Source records
--- START ---
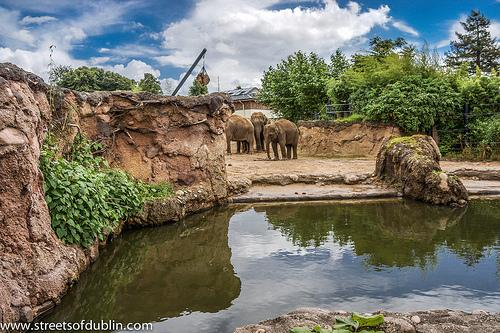Explain the interaction between the water and its surroundings in the image. The water interacts with the surroundings by reflecting elements on its surface, touching the edge of the cliff, and being near the herd of elephants. Identify the primary action occurring in the image involving the elephants. A herd of brown elephants is standing on the dirt near the water. Is there any man-made object present in the image? If yes, describe it briefly. Yes, there is a pole with a brown bag attached to it in the image. Based on the image's information, determine the emotional tone or sentiment associated with the scene. The image portrays a sense of calmness and serenity with the presence of a large pool of water, the blue sky, and the elephants near the water. Which animal species is predominantly featured in the image? A herd of elephants is the main animal species in the image. Discuss the presence and role of vegetation in the image. The vegetation in the image includes green vine on the cliff, dense foliage behind the fence, and a green bush vine, providing a natural environment and contrasting color scheme. Mention the key elements associated with the surrounding environment in the picture. Bright blue sky with clouds, brown cliff side, large pool of water, and dense foliage behind the fence are present. How would you describe the overall color palette of the image? The image has a mix of brown, green, and blue, with brown dominating the scene. Analyze the significance of the large pool of water in relation to the entire image. The large pool of water occupies a vast portion of the image, reflecting the environment and attracting the elephants, thus being a focal point and a significant component of the scene. Count the number of distinct water captions from the image description list. There are 13 instances mentioning the water in different locations and states. Is there a fence made of stone in the image? The fence is not mentioned in the image, only dense foliage behind a fence. This instruction would make someone look for a stone fence, which is not present in the image. Can you find a small pool of water surrounded by grass? The image mentions a large pool of water, but not a small one, and there's no reference to grass. This instruction would make someone search for a small pool of water surrounded by grass that is not described in the image. Can you find a bird sitting on the pole with a brown bag? A pole with a brown bag is mentioned in the image, but no reference to any bird sitting on it. This instruction would make someone search for a bird that doesn't exist in the image. Can you see a tree with red leaves in the image? A large tree in the distance is mentioned, but there is no reference to the leaves being red. This instruction would lead someone to try to find a tree with red leaves, which is not mentioned in the image. Is the sky purple and cloudy in the image? The image mentions a blue cloudy sky but not a purple one. This instruction would make someone look for a purple sky, which is not present in the image. Is there a pink elephant in the image? There are brown elephants mentioned in the image, but no reference to any pink elephants. This instruction would make someone look for an object that doesn't exist. 
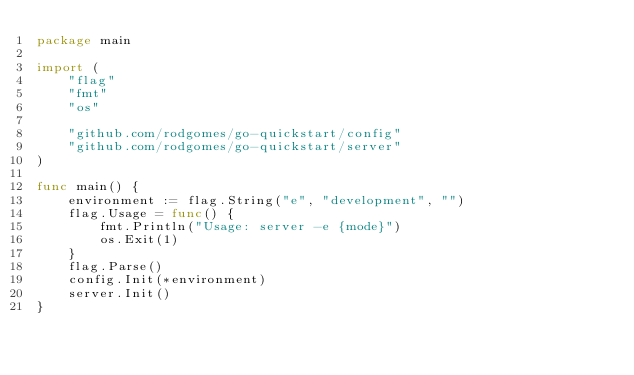<code> <loc_0><loc_0><loc_500><loc_500><_Go_>package main

import (
	"flag"
	"fmt"
	"os"

	"github.com/rodgomes/go-quickstart/config"
	"github.com/rodgomes/go-quickstart/server"
)

func main() {
	environment := flag.String("e", "development", "")
	flag.Usage = func() {
		fmt.Println("Usage: server -e {mode}")
		os.Exit(1)
	}
	flag.Parse()
	config.Init(*environment)
	server.Init()
}
</code>
--- END ---
* What you need to do *
In the copy, leave out the pictures and restate the records exactly.

* Written response *
Explain the interaction between the water and its surroundings in the image. The water interacts with the surroundings by reflecting elements on its surface, touching the edge of the cliff, and being near the herd of elephants. Identify the primary action occurring in the image involving the elephants. A herd of brown elephants is standing on the dirt near the water. Is there any man-made object present in the image? If yes, describe it briefly. Yes, there is a pole with a brown bag attached to it in the image. Based on the image's information, determine the emotional tone or sentiment associated with the scene. The image portrays a sense of calmness and serenity with the presence of a large pool of water, the blue sky, and the elephants near the water. Which animal species is predominantly featured in the image? A herd of elephants is the main animal species in the image. Discuss the presence and role of vegetation in the image. The vegetation in the image includes green vine on the cliff, dense foliage behind the fence, and a green bush vine, providing a natural environment and contrasting color scheme. Mention the key elements associated with the surrounding environment in the picture. Bright blue sky with clouds, brown cliff side, large pool of water, and dense foliage behind the fence are present. How would you describe the overall color palette of the image? The image has a mix of brown, green, and blue, with brown dominating the scene. Analyze the significance of the large pool of water in relation to the entire image. The large pool of water occupies a vast portion of the image, reflecting the environment and attracting the elephants, thus being a focal point and a significant component of the scene. Count the number of distinct water captions from the image description list. There are 13 instances mentioning the water in different locations and states. Is there a fence made of stone in the image? The fence is not mentioned in the image, only dense foliage behind a fence. This instruction would make someone look for a stone fence, which is not present in the image. Can you find a small pool of water surrounded by grass? The image mentions a large pool of water, but not a small one, and there's no reference to grass. This instruction would make someone search for a small pool of water surrounded by grass that is not described in the image. Can you find a bird sitting on the pole with a brown bag? A pole with a brown bag is mentioned in the image, but no reference to any bird sitting on it. This instruction would make someone search for a bird that doesn't exist in the image. Can you see a tree with red leaves in the image? A large tree in the distance is mentioned, but there is no reference to the leaves being red. This instruction would lead someone to try to find a tree with red leaves, which is not mentioned in the image. Is the sky purple and cloudy in the image? The image mentions a blue cloudy sky but not a purple one. This instruction would make someone look for a purple sky, which is not present in the image. Is there a pink elephant in the image? There are brown elephants mentioned in the image, but no reference to any pink elephants. This instruction would make someone look for an object that doesn't exist. 
<code> <loc_0><loc_0><loc_500><loc_500><_Go_>package main

import (
	"flag"
	"fmt"
	"os"

	"github.com/rodgomes/go-quickstart/config"
	"github.com/rodgomes/go-quickstart/server"
)

func main() {
	environment := flag.String("e", "development", "")
	flag.Usage = func() {
		fmt.Println("Usage: server -e {mode}")
		os.Exit(1)
	}
	flag.Parse()
	config.Init(*environment)
	server.Init()
}
</code>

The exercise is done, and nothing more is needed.